9.13.7.6.5 1 Chikchan 18 Xul

9.13.16.8.10 10 Ok 18 Xul

9.14.5.10.15 6 Men 18 Xul

9.15.3.15.5 11 Chikchan 18 Xul

The 10 Ok 18 Xul reference is also interesting for what the stucco jamb inscription goes on to mention. As Yuriy pointed out in his analysis, this was also the dedication day for “the wall” itself (u kot), coming 89 days after the a “fire-entering” activation rite of a structure. This building dedication was, in turn, just nine short days after K’inich Baaknal Chahk’s one K’atun anniversary as king — an event and day mentioned in yet another stucco text, as discussed in my previous post. The 10 Ok station would have been the third such “chinstrap” period ending in K’inich Baaknal Chahk’s reign.

Incidentally, the style of the stucco wall and its glyphs looks to be far later than the dates and events recorded in the text, suggesting a possible reuse or refurbishment of the space by a later ruler.


Stucco Glyphs from Tonina

tzutzuy.jpg

Juan Yadeun’s excavations at Tonina, Chiapas, have revealed a number of beautiful stucco glyphs that once formed an inscription of at least 25+ blocks, most now on housed at the regional site museum, with several others on view the Museo Nacional de Antropología e Historia in Mexico City. On a recent visit to the MNAH I was interested to see two of the glyphs, in different cases, that seem to form a reconstructable date: “3 Eb” and “End of Pop” (see upper two glyphs marked “C” in the accompanying image, below).
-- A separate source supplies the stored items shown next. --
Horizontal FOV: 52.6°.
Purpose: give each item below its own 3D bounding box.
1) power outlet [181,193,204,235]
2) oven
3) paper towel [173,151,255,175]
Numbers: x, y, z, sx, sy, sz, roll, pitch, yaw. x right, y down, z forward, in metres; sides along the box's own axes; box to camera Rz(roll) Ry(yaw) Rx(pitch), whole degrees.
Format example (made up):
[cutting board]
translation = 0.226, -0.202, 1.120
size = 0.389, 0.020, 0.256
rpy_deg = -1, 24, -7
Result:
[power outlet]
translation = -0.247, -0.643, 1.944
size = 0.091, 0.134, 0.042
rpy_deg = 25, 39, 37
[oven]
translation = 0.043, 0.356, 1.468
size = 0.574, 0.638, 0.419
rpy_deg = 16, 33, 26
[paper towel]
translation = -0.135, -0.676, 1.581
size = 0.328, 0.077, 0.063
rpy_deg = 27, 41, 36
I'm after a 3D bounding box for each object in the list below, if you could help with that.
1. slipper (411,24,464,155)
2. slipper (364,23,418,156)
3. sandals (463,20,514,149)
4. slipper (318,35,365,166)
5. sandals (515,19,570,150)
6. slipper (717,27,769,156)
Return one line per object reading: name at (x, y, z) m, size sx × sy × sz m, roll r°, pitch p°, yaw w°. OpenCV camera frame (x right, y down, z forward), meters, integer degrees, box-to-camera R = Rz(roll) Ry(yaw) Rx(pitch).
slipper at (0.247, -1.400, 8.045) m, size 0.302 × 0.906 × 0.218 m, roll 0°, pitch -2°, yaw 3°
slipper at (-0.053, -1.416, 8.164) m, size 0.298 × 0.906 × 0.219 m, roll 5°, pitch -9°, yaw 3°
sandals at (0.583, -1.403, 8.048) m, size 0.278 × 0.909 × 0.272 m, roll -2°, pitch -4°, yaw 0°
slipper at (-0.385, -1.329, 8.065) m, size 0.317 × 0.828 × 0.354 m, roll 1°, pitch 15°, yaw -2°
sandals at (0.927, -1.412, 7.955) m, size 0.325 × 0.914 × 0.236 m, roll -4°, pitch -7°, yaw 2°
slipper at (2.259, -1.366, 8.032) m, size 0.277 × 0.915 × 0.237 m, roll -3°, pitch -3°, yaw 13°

This Calendar Round turns out to fall on the Long Count 9.13.16.3.12, the one K’atun anniversary of the accession of the important Tonina ruler K’inich Baaknal Chahk. Another stucco glyph in the MNAH case reads tzutz-uy, “it ends,” which may well have accompanied this date, preceding “the first K’atun,” written with yet another glyph now at the Tonina museum.

Two other stuccoes on display at the MNAH (A and B) are “on 13 Ajaw” and part of a Distance Number “3.12.” Together, the various peices are enough to suggest that the following two dates were recorded in the original inscription, now partially reconstructable, as shown in the image below (extant elements are in italics):

9.13.15.0.0 13 Ajaw 18 Pax (Period Ending)

+ 1.3.12

9.13.16.3.12 3 Eb End of Pop (anniversary)

The inscription surely included a number of other dates as well, among them one probably referring to the building’s dedication, as indicated by y-otoot, “his/her house…” I’m reasonably sure other fits and connections will be possible, once we check images of other loose glyphs from the text.